What's that? Is it a food or an additive like garlic drops?

My fish eat voraciously. I just have never had a fish that would eat frozen cyclops.


----------



## F22 (Sep 21, 2008)

african cichlid fry yellow lab, OB zebra, pearl zebra, neolamp brichardi, nimbochromis venustus..


----------



## F22 (Sep 21, 2008)

FrostyNYC said:


> What's that? Is it a food or an additive like garlic drops?
> 
> My fish eat voraciously. I just have never had a fish that would eat frozen cyclops.


 
its actually a small pellet but its formulated for annoying fish that don't normally eat.... I had some morish idols take that before frozen...

New Life Spectrum


----------



## mistergreen (Dec 9, 2006)

how old is the frozen package?
I've noticed that with any frozen food, if it's too old or frozen and refrozen the innards of that creatures break out of the exoskeleton. Nothing is left except the shell. The fish would bite into it and spit it out. All the goodies are gone. Try live daphnia or cyclops. They're pretty easy to raise.


----------



## Burks (May 21, 2006)

My White Clouds go nuts over that stuff.


----------



## Asgard (Feb 8, 2008)

Here too, my white clouds go absolutely crazy over frozen cyclops.


----------



## waterfaller1 (Jul 5, 2006)

Saltwater fish love the stuff. As do my dario dario and those tiny little fish I got from Pedro..sticklebacks? A tiny bit of Cyclop-eeze goes a long way. I have never seen it available in cubes though. It is usually sold in a red foil sleeve, as a brick. I just shave off a tiny bit. You might want to consider defrosting your frozen food with a bit of tank water before feeding. Maybe the food is still frozen when it hits the water?


----------



## FrostyNYC (Nov 5, 2007)

Mistergreen -- It may be the case that it's frozen shells floating around the water. I'll take a look.

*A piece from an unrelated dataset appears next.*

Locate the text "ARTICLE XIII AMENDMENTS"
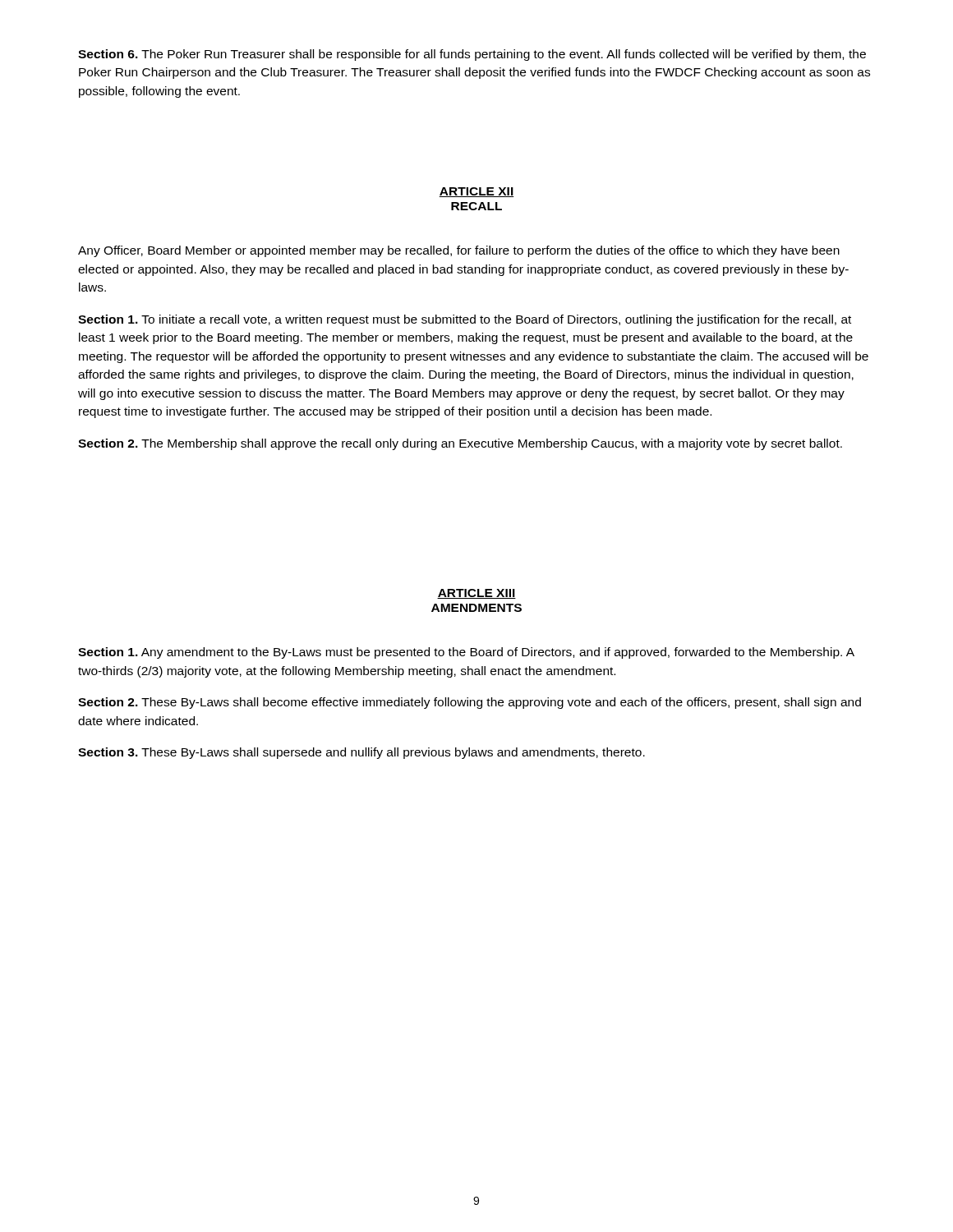Viewport: 953px width, 1232px height. 476,600
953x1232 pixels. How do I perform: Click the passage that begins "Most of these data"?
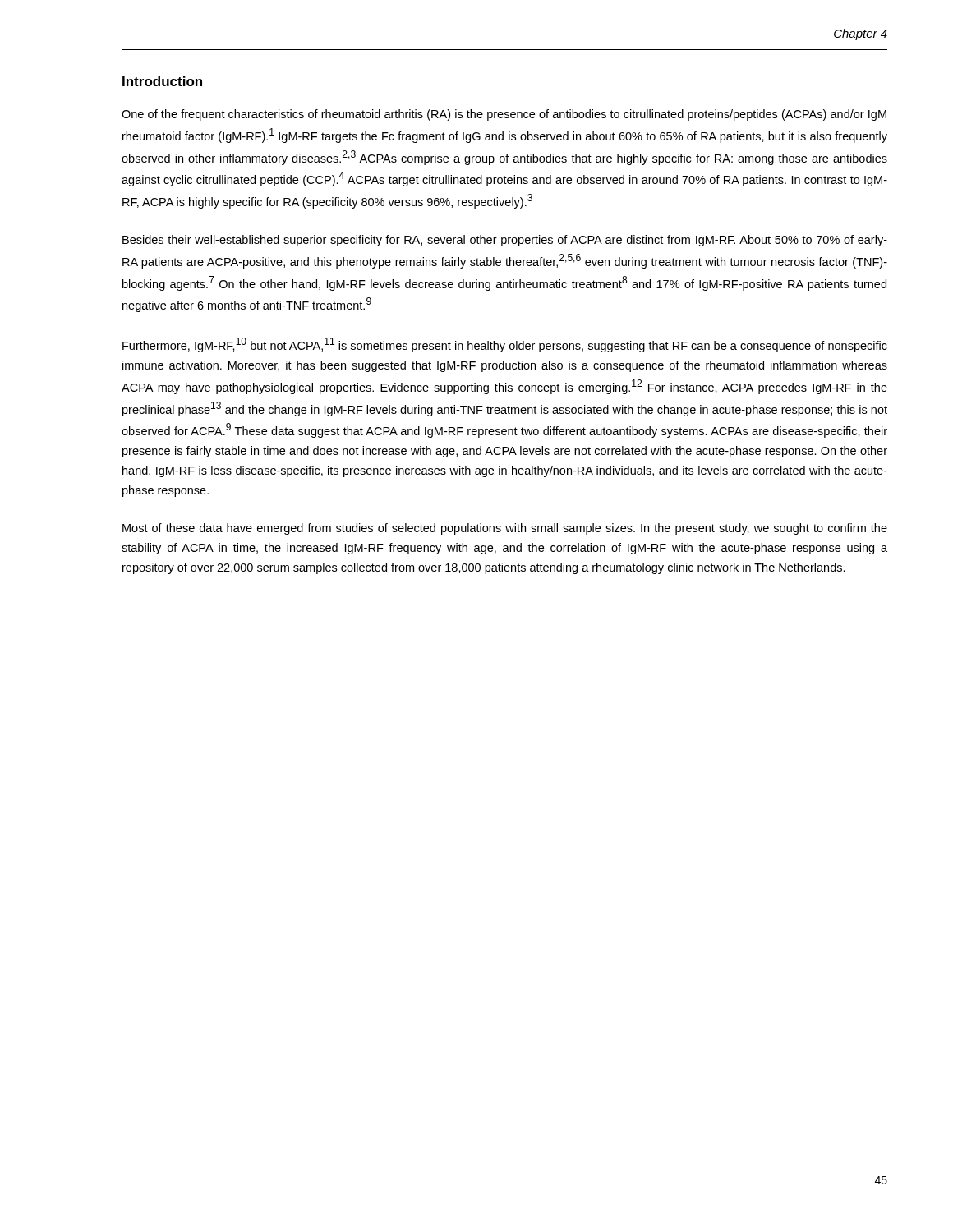pos(504,548)

Waterfaller1 -- Hmmm perhaps because I so rarely feed this food, my fish just havent developed a taste for it. I'll keep trying.


----------



## lauraleellbp (Feb 3, 2008)

All my fish go nutty for it. Tetras, Cories, P. weitzmani, plecos, Rams, Amanos... it did take the Rams some time to recognize it as food since it's so much smaller than what I usually feed them, but now they'll chase the floating pieces all over the tank.


----------



## Cardinal Tetra (Feb 26, 2006)

Keep trying. It was the first food I fed to my chocolate gouramis to get them to start eating. It took them a couple of days before the began to actually swallow.


----------



## Burks (May 21, 2006)

waterfaller1 said:


> Saltwater fish love the stuff. As do my dario dario and those tiny little fish I got from Pedro..sticklebacks? A tiny bit of Cyclop-eeze goes a long way. I have never seen it available in cubes though. It is usually sold in a red foil sleeve, as a brick. I just shave off a tiny bit. You might want to consider defrosting your frozen food with a bit of tank water before feeding. Maybe the food is still frozen when it hits the water?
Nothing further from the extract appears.